Stored data:
*** Begin section ***

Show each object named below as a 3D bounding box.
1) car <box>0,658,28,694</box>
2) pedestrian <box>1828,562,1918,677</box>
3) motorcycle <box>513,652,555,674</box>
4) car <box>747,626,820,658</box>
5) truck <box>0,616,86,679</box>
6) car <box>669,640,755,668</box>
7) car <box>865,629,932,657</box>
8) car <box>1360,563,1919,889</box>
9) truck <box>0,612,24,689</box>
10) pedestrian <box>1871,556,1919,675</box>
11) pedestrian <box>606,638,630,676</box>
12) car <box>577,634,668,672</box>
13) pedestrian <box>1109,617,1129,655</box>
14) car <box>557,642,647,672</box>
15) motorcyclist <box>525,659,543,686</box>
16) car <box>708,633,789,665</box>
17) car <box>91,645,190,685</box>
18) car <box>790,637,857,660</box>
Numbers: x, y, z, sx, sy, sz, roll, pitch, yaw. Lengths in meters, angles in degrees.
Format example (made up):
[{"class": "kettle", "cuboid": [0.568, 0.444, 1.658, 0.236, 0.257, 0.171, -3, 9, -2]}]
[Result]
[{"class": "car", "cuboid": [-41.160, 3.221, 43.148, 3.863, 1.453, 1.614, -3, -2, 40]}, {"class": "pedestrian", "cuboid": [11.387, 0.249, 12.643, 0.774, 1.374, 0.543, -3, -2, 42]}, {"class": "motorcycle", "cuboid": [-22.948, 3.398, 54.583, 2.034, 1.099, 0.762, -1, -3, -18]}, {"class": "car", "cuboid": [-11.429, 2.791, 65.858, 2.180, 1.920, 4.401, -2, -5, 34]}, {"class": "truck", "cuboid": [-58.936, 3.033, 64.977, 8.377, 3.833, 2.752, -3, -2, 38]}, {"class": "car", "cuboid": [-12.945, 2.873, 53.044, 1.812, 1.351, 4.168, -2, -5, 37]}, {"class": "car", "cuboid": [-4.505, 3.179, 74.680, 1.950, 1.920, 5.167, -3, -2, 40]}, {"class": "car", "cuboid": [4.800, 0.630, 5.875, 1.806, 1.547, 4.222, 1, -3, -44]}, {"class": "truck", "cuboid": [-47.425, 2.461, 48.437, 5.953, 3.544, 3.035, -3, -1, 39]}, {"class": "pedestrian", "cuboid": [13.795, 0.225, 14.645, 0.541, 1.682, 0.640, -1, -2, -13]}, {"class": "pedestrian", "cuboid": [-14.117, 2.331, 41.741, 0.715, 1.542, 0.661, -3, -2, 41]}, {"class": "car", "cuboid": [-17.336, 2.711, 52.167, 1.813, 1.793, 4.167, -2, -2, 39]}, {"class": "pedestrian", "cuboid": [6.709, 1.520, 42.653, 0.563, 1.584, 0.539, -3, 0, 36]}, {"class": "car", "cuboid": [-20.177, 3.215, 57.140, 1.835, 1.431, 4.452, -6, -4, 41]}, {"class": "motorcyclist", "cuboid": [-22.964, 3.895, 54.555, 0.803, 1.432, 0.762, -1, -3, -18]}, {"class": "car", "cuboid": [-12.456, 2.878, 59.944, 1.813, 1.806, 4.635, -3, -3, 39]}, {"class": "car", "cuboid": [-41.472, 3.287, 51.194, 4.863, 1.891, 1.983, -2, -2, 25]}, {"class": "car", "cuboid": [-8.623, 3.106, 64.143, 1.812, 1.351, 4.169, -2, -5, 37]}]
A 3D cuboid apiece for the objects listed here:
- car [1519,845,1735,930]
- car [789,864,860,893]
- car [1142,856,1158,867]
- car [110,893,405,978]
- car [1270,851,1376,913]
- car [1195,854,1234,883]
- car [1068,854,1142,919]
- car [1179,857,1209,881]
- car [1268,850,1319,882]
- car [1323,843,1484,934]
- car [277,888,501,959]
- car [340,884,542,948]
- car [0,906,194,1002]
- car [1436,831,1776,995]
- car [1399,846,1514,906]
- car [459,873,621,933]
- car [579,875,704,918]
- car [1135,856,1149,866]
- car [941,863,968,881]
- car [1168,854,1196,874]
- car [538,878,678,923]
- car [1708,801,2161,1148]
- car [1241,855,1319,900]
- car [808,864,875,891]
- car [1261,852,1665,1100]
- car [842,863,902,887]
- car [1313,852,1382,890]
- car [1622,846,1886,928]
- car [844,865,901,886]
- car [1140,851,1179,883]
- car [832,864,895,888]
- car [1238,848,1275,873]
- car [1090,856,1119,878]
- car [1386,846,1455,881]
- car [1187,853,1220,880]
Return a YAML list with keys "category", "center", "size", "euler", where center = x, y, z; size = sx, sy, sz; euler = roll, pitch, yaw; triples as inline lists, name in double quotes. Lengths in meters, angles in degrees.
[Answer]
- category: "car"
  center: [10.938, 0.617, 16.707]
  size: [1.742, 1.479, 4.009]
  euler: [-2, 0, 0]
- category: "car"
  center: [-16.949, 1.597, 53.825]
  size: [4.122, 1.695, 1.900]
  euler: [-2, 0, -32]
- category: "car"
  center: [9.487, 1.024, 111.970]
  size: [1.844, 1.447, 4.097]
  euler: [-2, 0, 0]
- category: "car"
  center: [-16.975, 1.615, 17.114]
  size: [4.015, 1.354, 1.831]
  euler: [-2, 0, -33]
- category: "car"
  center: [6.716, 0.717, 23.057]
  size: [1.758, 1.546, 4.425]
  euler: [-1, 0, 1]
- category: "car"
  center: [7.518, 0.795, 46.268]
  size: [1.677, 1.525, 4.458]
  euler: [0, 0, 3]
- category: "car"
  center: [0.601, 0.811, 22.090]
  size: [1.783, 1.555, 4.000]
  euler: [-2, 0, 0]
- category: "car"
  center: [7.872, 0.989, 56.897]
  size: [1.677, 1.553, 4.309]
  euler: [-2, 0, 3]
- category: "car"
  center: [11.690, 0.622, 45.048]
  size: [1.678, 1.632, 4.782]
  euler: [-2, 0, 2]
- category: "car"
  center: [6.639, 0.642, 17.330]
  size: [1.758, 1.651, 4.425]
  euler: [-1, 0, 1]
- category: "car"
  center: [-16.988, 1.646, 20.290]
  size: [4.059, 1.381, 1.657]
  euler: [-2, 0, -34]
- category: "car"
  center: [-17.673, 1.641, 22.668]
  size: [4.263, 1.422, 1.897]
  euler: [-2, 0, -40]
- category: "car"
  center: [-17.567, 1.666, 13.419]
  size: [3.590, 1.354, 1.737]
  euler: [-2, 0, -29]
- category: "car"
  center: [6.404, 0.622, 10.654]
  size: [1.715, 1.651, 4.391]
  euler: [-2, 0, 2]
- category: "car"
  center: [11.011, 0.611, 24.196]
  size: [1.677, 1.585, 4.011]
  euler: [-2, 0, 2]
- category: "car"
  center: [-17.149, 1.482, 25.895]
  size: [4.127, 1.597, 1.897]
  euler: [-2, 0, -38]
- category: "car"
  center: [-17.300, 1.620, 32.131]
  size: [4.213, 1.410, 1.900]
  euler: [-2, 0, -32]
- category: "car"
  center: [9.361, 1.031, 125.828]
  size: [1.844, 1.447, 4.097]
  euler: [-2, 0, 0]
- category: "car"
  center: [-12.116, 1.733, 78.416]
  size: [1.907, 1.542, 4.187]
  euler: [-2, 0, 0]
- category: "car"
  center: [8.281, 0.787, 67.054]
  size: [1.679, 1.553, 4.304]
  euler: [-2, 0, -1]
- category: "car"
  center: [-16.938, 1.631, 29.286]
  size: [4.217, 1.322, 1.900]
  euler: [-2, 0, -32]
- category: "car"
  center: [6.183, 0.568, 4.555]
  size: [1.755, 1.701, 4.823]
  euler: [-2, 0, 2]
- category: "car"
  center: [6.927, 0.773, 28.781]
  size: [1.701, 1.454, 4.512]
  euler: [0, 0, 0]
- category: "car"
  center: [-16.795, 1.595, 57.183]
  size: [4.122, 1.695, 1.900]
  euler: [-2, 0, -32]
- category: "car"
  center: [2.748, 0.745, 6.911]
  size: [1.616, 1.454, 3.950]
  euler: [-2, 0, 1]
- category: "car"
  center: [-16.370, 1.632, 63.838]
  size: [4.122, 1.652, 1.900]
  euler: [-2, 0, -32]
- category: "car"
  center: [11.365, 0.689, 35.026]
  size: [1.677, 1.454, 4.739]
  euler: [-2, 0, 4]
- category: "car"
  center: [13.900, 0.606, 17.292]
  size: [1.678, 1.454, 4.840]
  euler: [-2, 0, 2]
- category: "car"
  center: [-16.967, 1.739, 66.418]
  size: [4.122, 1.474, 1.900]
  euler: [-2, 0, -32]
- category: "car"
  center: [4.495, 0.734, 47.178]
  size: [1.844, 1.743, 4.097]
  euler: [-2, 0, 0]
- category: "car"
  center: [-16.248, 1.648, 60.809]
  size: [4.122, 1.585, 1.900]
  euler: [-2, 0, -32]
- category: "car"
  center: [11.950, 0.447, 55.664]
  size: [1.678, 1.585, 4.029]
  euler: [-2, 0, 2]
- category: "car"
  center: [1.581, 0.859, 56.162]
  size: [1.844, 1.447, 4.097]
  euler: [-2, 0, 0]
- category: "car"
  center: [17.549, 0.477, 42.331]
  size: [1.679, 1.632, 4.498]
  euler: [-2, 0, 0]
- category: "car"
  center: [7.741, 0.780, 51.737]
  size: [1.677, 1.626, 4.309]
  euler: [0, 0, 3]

*** End section ***

Please return the lines above exactly, from the first one down to the line with "10) pedestrian <box>1871,556,1919,675</box>", and stop after that line.

Show each object named below as a 3D bounding box.
1) car <box>0,658,28,694</box>
2) pedestrian <box>1828,562,1918,677</box>
3) motorcycle <box>513,652,555,674</box>
4) car <box>747,626,820,658</box>
5) truck <box>0,616,86,679</box>
6) car <box>669,640,755,668</box>
7) car <box>865,629,932,657</box>
8) car <box>1360,563,1919,889</box>
9) truck <box>0,612,24,689</box>
10) pedestrian <box>1871,556,1919,675</box>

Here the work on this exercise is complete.